Meet Adrian Mole, a hapless teenager providing an unabashed, pimples-and-all glimpse into adolescent life. Telling us candidly about his parents’ marital troubles, The Dog, and his life as a tortured poet and ‘misunderstood intellectual’, Adrian’s painfully honest diary is still hilarious and compelling reading thirty years after it first appeared.

Apparently, having been born and raised in Britain, I must have been living under a rock not to have read any of the Adrian Mole books before. He was the Harry Potter of the 1980s and Sue Townsend was the equivalent of J.K. Rowling. The books were read by children, teenagers and adults alike – and they still are. Since it was set in the late 1980s when Margaret Thatcher was our Prime Minister and I was just a toddler, there were a few cultural references which went over my head, but that didn’t affect my enjoyment of the novel.

This was, hands down, one of the funniest books I have ever read. It takes a lot for a book to make me have a visible reaction since I usually keep my thoughts to myself while I’m reading, but this one had me full on laughing out loud to the point of tears. The whole novel is told through a series of Adrian’s diary entries, written over the course of a year, during which time he has to deal with hopeless and selfish parents, a grumpy elderly man he befriends, and the demands of Pandora, the love of his life.

I love Adrian’s way of looking at things. Life constantly lets him down and yet he takes it all in his stride with a deadpan wit that I really enjoyed. For example, when he tries to explain his troubled home life to his teacher, the response is less than satisfactory (and provides an insight into the politically incorrect days of the 1980s!):

Friday September 11th: Had a long talk with Mr Dock.

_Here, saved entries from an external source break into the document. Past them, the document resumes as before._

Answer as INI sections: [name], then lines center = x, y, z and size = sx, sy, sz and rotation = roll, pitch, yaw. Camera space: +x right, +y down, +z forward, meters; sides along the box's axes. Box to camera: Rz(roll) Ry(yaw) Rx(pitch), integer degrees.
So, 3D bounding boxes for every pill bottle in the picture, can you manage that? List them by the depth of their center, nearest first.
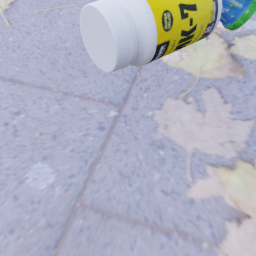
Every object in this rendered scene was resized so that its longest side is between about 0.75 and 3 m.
[pill bottle]
center = 0.369, -1.662, 4.353
size = 2.036, 1.164, 1.164
rotation = -29, 57, -25

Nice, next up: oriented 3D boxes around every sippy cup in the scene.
[sippy cup]
center = 2.332, -3.372, 6.752
size = 1.441, 1.966, 1.544
rotation = 23, 66, -13
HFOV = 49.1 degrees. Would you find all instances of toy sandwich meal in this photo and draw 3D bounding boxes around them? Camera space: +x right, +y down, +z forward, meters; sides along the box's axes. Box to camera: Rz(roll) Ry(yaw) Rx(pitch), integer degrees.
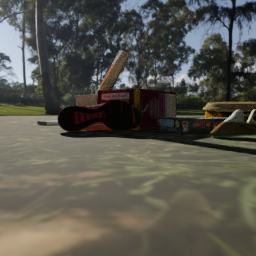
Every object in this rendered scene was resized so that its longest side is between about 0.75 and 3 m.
[{"bbox_3d":[4.237,-0.456,10.761,3.040,1.041,3.040,-1,7,0],"label":"toy sandwich meal"}]

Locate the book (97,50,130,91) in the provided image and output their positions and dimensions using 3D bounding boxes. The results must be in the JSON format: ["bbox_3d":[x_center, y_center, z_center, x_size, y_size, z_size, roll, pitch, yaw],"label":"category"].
[{"bbox_3d":[-0.643,-2.197,11.246,0.462,1.924,1.286,27,10,-16],"label":"book"}]

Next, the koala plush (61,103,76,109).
[{"bbox_3d":[-3.062,-0.755,14.772,1.285,1.140,1.181,8,27,42],"label":"koala plush"}]

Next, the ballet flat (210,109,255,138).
[{"bbox_3d":[2.835,-0.102,6.513,1.836,0.664,0.623,0,3,5],"label":"ballet flat"}]

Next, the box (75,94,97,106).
[{"bbox_3d":[-0.909,-0.873,12.976,2.526,1.343,1.923,-2,3,9],"label":"box"}]

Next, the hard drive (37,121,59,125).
[{"bbox_3d":[-3.490,-0.255,13.480,1.420,0.189,0.937,-3,4,-44],"label":"hard drive"}]

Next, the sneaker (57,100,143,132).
[{"bbox_3d":[-0.867,-0.391,9.005,2.630,0.969,1.141,-1,2,-6],"label":"sneaker"}]

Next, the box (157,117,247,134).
[{"bbox_3d":[2.263,-0.115,8.779,2.289,0.431,1.563,-1,3,-18],"label":"box"}]

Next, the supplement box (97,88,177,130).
[{"bbox_3d":[0.417,-0.720,10.646,1.815,1.430,2.772,3,4,39],"label":"supplement box"}]

I explained that I was a one-parent family child with an unemployed, bad-tempered father. Mr Dock said he wouldn’t care if I was the offspring of a black, lesbian, one-legged mother and an Arab, leprous, hump-backed-dwarf father as long as my essays were lucid, intelligent and unpretentious. So much for pastoral care! (p.159)

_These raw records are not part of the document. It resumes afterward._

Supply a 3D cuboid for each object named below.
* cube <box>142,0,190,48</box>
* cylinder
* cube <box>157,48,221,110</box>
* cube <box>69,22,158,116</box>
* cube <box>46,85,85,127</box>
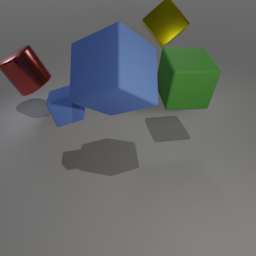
[{"bbox_3d":[1.573,-4.396,11.873,1.400,1.400,1.400,-38,7,13],"label":"cube"},{"bbox_3d":[-3.896,-2.172,10.644,1.400,1.400,1.400,-23,31,15],"label":"cylinder"},{"bbox_3d":[1.772,-1.528,8.665,1.400,1.400,1.400,-3,44,-10],"label":"cube"},{"bbox_3d":[-0.293,-1.187,6.176,1.400,1.400,1.400,-10,-16,35],"label":"cube"},{"bbox_3d":[-1.493,-0.559,6.812,0.700,0.700,0.700,-17,31,2],"label":"cube"}]
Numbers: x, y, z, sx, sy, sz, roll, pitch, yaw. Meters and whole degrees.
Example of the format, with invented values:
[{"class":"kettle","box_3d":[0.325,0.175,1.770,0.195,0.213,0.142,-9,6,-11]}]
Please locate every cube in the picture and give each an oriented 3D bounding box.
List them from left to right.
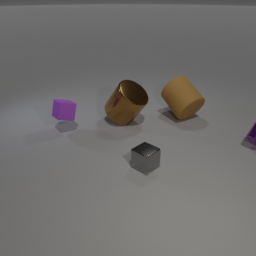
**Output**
[{"class":"cube","box_3d":[-2.537,-0.724,11.102,0.700,0.700,0.700,0,17,-36]},{"class":"cube","box_3d":[0.576,0.976,9.134,0.700,0.700,0.700,24,35,38]}]

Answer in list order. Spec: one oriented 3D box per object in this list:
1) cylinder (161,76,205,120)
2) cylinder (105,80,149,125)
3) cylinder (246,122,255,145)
[{"class":"cylinder","box_3d":[2.397,-1.318,12.293,1.400,1.400,1.400,-17,62,-30]},{"class":"cylinder","box_3d":[-0.075,-1.056,11.773,1.400,1.400,1.400,20,45,-21]},{"class":"cylinder","box_3d":[4.772,0.216,10.144,0.700,0.700,0.700,31,85,45]}]
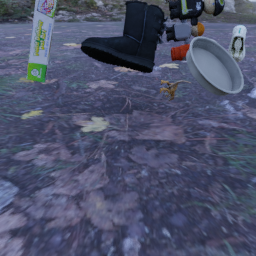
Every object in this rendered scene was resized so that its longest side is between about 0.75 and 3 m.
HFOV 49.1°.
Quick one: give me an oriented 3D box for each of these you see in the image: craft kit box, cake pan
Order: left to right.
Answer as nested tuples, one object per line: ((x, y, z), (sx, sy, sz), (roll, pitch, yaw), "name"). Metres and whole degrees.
((-2.420, -2.961, 7.975), (0.611, 2.488, 2.519), (10, 31, -22), "craft kit box")
((1.986, -1.399, 6.479), (1.606, 0.294, 1.606), (16, 55, -24), "cake pan")

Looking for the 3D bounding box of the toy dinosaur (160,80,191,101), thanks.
((1.017, -0.947, 6.387), (0.534, 0.304, 1.005), (6, -18, -6), "toy dinosaur")

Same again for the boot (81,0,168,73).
((-0.036, -2.745, 8.038), (2.305, 1.889, 0.853), (14, -8, -9), "boot")

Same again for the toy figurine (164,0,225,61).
((2.214, -3.713, 9.708), (1.679, 2.413, 2.375), (-7, 41, 5), "toy figurine")

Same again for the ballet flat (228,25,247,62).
((2.818, -2.057, 7.245), (0.432, 1.245, 0.432), (-7, 58, 12), "ballet flat")
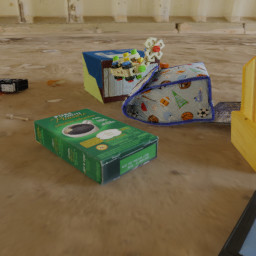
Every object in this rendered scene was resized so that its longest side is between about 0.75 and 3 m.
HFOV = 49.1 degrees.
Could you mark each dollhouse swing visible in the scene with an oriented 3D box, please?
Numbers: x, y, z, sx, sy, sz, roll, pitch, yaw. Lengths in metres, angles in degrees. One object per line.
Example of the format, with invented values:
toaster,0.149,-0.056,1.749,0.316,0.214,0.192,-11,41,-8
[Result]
dollhouse swing,4.052,-0.424,6.585,2.552,2.244,2.319,1,22,-1

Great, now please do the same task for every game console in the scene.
game console,2.784,1.135,3.519,2.497,1.731,2.925,17,27,33

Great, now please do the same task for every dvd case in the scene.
dvd case,2.962,-0.470,8.392,1.075,0.115,1.446,-38,21,-20

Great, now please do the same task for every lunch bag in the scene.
lunch bag,1.257,-1.140,9.132,2.731,1.691,2.321,-8,20,15

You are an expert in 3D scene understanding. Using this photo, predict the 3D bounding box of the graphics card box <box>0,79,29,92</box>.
graphics card box,-5.471,-1.886,12.224,1.868,0.475,1.172,0,16,3

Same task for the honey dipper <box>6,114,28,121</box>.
honey dipper,-3.592,-0.334,9.081,0.774,0.147,0.147,9,24,15

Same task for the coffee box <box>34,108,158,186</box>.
coffee box,-0.876,0.278,6.958,1.774,0.634,2.885,-21,31,-41

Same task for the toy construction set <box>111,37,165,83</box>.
toy construction set,0.253,-2.122,9.170,1.488,1.045,2.269,-27,10,-24

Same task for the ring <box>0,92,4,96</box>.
ring,-5.658,-1.450,11.811,0.823,0.079,0.823,0,23,0

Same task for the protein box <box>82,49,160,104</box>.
protein box,-0.338,-2.285,11.715,2.480,1.673,2.462,-10,25,-23

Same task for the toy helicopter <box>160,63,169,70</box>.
toy helicopter,2.546,-2.635,13.760,2.151,0.848,1.423,0,20,-17

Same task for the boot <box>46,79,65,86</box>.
boot,-3.443,-2.212,13.338,0.575,0.283,0.803,20,35,27
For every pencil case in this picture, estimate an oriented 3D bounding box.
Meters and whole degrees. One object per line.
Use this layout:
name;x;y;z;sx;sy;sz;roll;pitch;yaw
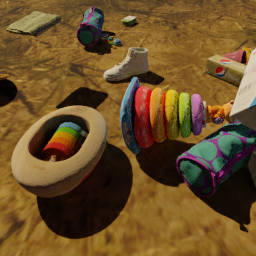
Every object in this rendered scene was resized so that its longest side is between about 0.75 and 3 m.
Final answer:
pencil case;2.389;0.563;6.687;2.575;1.096;1.190;-28;20;-29
pencil case;-1.769;-4.893;13.394;1.073;1.165;2.521;-9;40;9

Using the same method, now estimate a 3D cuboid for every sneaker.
sneaker;-0.084;-2.479;10.507;1.875;1.084;0.691;-21;45;-21

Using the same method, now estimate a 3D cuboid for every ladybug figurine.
ladybug figurine;-1.519;0.519;6.777;1.993;1.056;2.936;11;40;13

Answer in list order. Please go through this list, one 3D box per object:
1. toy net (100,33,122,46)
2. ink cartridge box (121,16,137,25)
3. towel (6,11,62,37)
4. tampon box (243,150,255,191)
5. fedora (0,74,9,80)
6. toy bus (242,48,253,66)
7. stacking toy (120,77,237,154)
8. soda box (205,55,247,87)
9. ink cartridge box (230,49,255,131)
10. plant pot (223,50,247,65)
toy net;-0.934;-4.163;13.275;0.713;0.263;1.360;-31;46;-29
ink cartridge box;0.030;-5.832;15.301;0.488;0.279;0.940;20;43;24
towel;-3.037;-3.423;9.173;1.188;0.292;1.602;16;43;20
tampon box;3.487;0.888;6.379;1.313;0.984;0.829;-21;42;-23
fedora;-5.085;-1.977;9.749;1.810;0.738;1.810;-5;17;2
toy bus;4.936;-2.702;11.250;0.572;0.475;1.460;3;39;-4
stacking toy;1.380;-0.315;7.003;2.946;1.710;1.617;-1;36;14
soda box;3.845;-2.068;10.364;0.644;0.609;1.901;-29;46;-31
ink cartridge box;2.978;-0.807;5.193;1.238;1.260;1.712;28;72;-7
plant pot;4.125;-2.589;10.907;0.774;0.864;0.864;9;37;35

I think my favourite entry was from Saturday September 19th when Adrian gives a blow-by-blow account of a class trip to London with a drunken coach driver. Here’s an extract:

9.40 – Barry Kent sick in coach.

9.50 – Two girls sitting near Barry Kent are sick.

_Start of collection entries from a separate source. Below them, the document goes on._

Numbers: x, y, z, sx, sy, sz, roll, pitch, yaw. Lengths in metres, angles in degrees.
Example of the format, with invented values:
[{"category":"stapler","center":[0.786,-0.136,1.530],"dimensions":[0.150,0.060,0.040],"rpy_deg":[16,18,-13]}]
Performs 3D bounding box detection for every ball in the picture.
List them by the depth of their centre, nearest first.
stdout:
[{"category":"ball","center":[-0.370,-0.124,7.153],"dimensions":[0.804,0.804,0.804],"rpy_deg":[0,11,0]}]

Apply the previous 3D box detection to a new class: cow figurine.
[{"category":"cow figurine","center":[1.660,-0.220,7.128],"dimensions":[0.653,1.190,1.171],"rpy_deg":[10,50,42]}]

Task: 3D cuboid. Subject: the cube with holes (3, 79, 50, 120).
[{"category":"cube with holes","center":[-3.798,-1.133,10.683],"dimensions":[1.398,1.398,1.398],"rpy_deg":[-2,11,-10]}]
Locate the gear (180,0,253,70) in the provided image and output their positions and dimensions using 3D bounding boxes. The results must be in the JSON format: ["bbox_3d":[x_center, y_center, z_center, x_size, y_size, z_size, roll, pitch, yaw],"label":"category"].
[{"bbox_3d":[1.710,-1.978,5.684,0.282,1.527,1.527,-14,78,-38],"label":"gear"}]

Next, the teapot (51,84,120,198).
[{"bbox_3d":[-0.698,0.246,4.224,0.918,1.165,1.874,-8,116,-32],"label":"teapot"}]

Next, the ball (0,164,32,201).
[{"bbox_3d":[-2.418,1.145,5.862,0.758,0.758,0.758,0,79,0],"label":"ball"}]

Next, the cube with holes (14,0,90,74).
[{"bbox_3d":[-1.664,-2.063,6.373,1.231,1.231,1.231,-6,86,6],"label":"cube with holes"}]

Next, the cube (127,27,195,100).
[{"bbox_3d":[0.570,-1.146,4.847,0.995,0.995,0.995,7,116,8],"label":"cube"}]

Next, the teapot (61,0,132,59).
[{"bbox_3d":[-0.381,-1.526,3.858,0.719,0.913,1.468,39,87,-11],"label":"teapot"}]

9.51 – Coach driver refuses to stop on motorway.

9.55 – Ms Fossington-Gore covers sick in sand.

9.56 – Ms Fossington-Gore sick as a dog.


4pm – Barry Kent jumps in fountain at Trafalgar Square, as predicted by Adrian Mole.

4.30 – Barry Kent disappears, last seen heading towards Soho.


6pm – Barry Kent found in sex shop. Charged with theft of ‘grow-it-big’ cream and two ‘ticklers’.

7pm – Coach leaves police station with police escort. (pp.163-165)

This book doesn’t have a compelling plot or well developed characters, but it doesn’t need to. It’s hilarious. I would highly recommend it to anyone looking for a light read and a good laugh.

Overall Rating: Book Rating Picture Book Rating Picture Book Rating Picture Book Rating Picture Book Rating Picture My bookworm rating system is explained here.

Other Works by this Author: Sue Townsend wrote seven additional Adrian Mole books and seven other novels before she passed away in 2014. You can find out more about them by visiting her website here.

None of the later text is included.